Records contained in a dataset
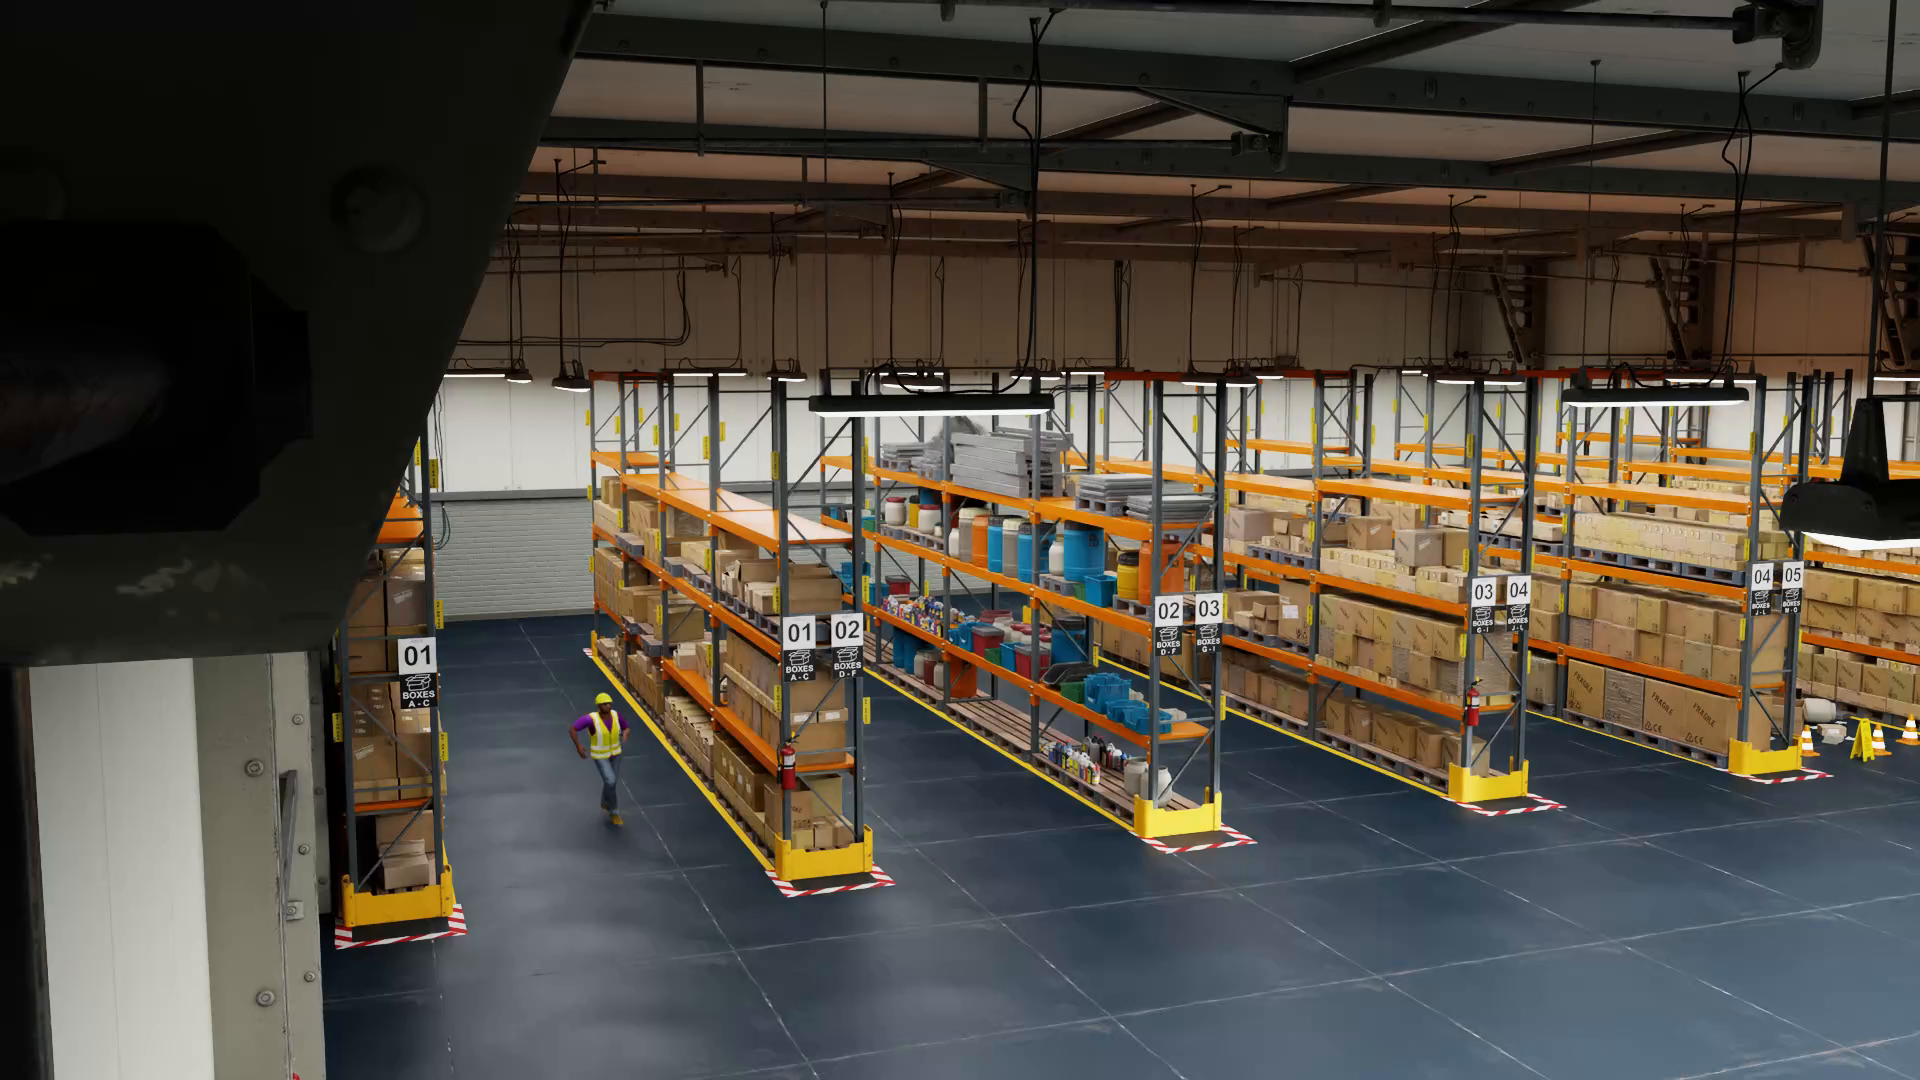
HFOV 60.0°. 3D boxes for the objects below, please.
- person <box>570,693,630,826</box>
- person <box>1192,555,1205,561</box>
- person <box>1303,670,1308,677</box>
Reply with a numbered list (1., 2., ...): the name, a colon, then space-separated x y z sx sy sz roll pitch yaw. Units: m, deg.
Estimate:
1. person: -4.827 2.960 22.530 0.806 1.825 0.722 -6 8 -41
2. person: 5.839 0.962 40.828 0.773 1.704 0.555 -6 9 -43
3. person: 6.822 1.978 31.520 0.671 1.642 0.887 -1 7 -11
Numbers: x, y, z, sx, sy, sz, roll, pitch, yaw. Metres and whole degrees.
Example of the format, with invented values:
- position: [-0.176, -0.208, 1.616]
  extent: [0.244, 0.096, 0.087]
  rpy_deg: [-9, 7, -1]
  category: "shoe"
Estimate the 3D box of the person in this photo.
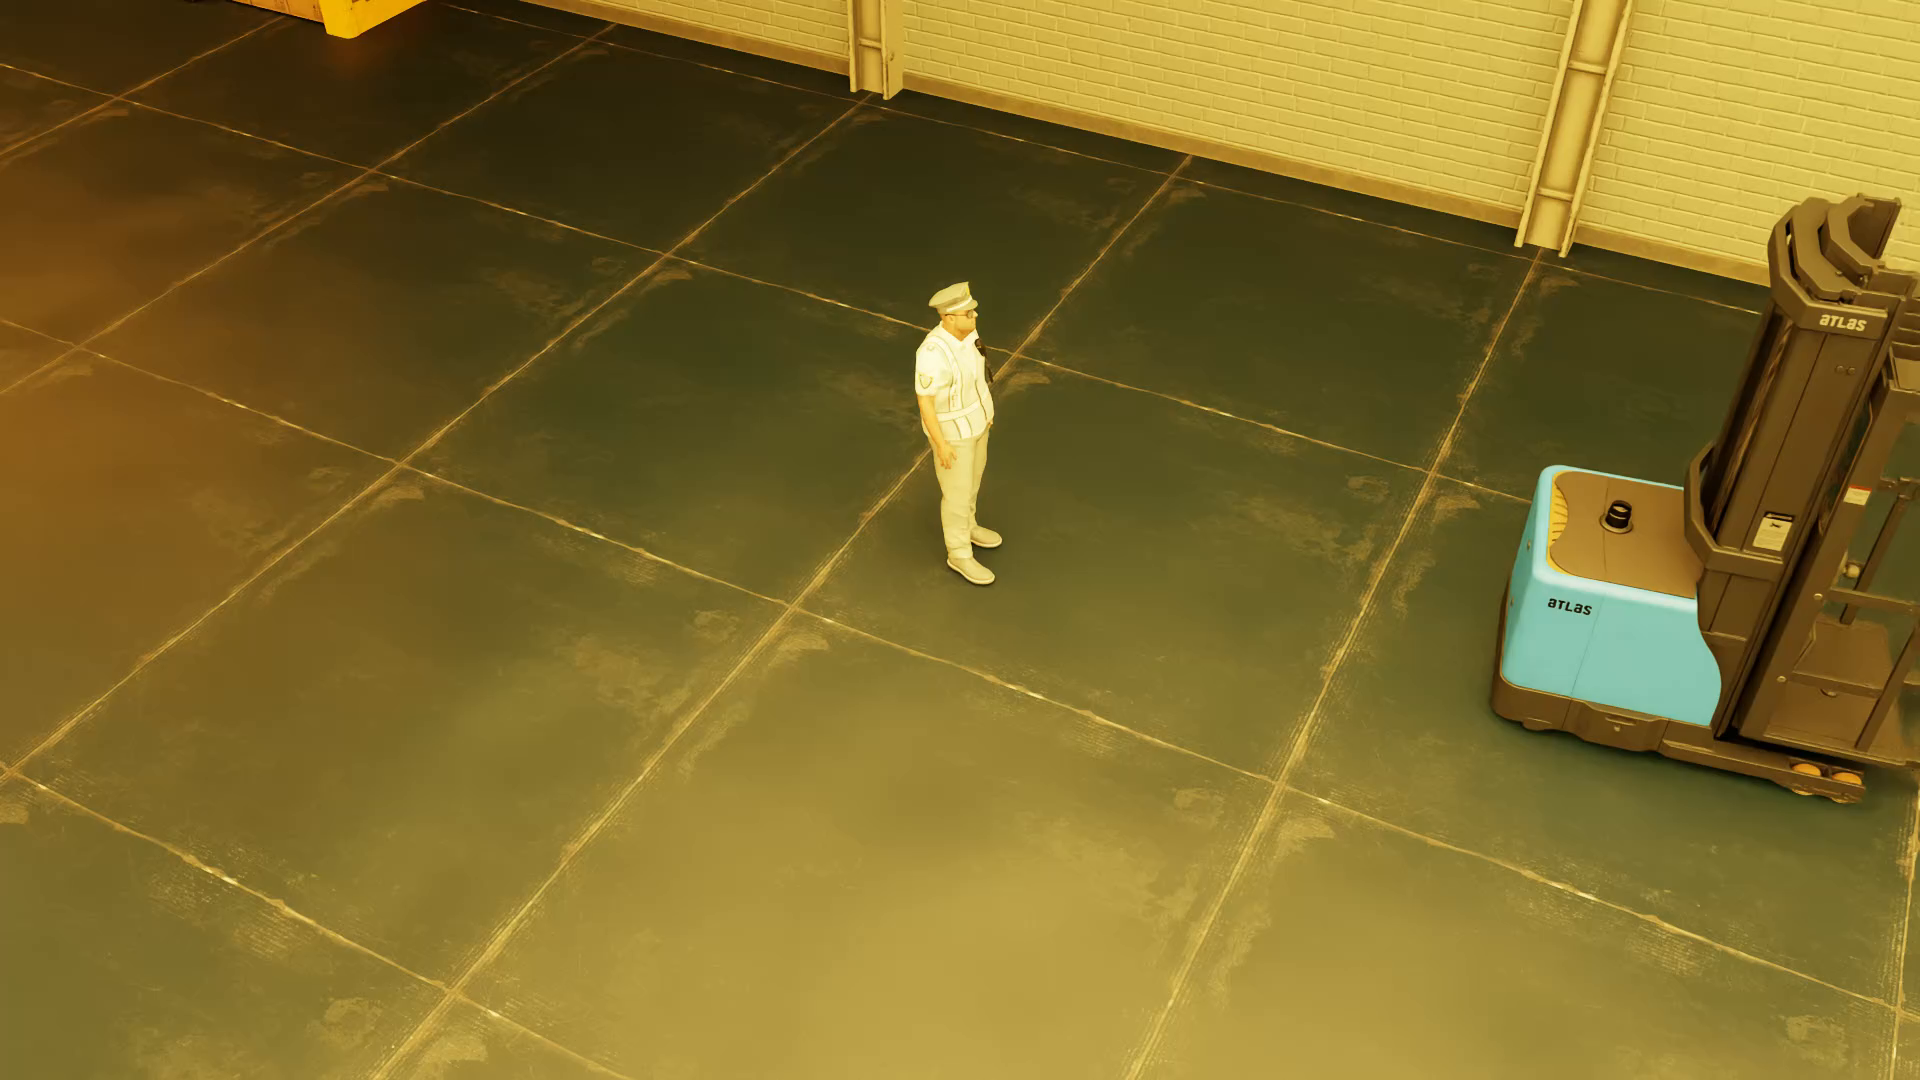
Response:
- position: [0.063, -0.657, 9.648]
  extent: [0.575, 1.781, 0.639]
  rpy_deg: [18, 43, 21]
  category: "person"

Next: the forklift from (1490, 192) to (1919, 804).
- position: [4.473, -0.139, 8.151]
  extent: [3.031, 2.935, 1.130]
  rpy_deg: [12, 42, 14]
  category: "forklift"

Task
The data above are to be repeated word for word, with any pictures left out.

Output below
HFOV 60.0°. 3D boxes for the objects below, please.
- person <box>570,693,630,826</box>
- person <box>1192,555,1205,561</box>
- person <box>1303,670,1308,677</box>
Reply with a numbered list (1., 2., ...): the name, a colon, then space-separated x y z sx sy sz roll pitch yaw. Units: m, deg.
Estimate:
1. person: -4.827 2.960 22.530 0.806 1.825 0.722 -6 8 -41
2. person: 5.839 0.962 40.828 0.773 1.704 0.555 -6 9 -43
3. person: 6.822 1.978 31.520 0.671 1.642 0.887 -1 7 -11
Numbers: x, y, z, sx, sy, sz, roll, pitch, yaw. Metres and whole degrees.
Example of the format, with invented values:
- position: [-0.176, -0.208, 1.616]
  extent: [0.244, 0.096, 0.087]
  rpy_deg: [-9, 7, -1]
  category: "shoe"
Estimate the 3D box of the person in this photo.
Response:
- position: [0.063, -0.657, 9.648]
  extent: [0.575, 1.781, 0.639]
  rpy_deg: [18, 43, 21]
  category: "person"

Next: the forklift from (1490, 192) to (1919, 804).
- position: [4.473, -0.139, 8.151]
  extent: [3.031, 2.935, 1.130]
  rpy_deg: [12, 42, 14]
  category: "forklift"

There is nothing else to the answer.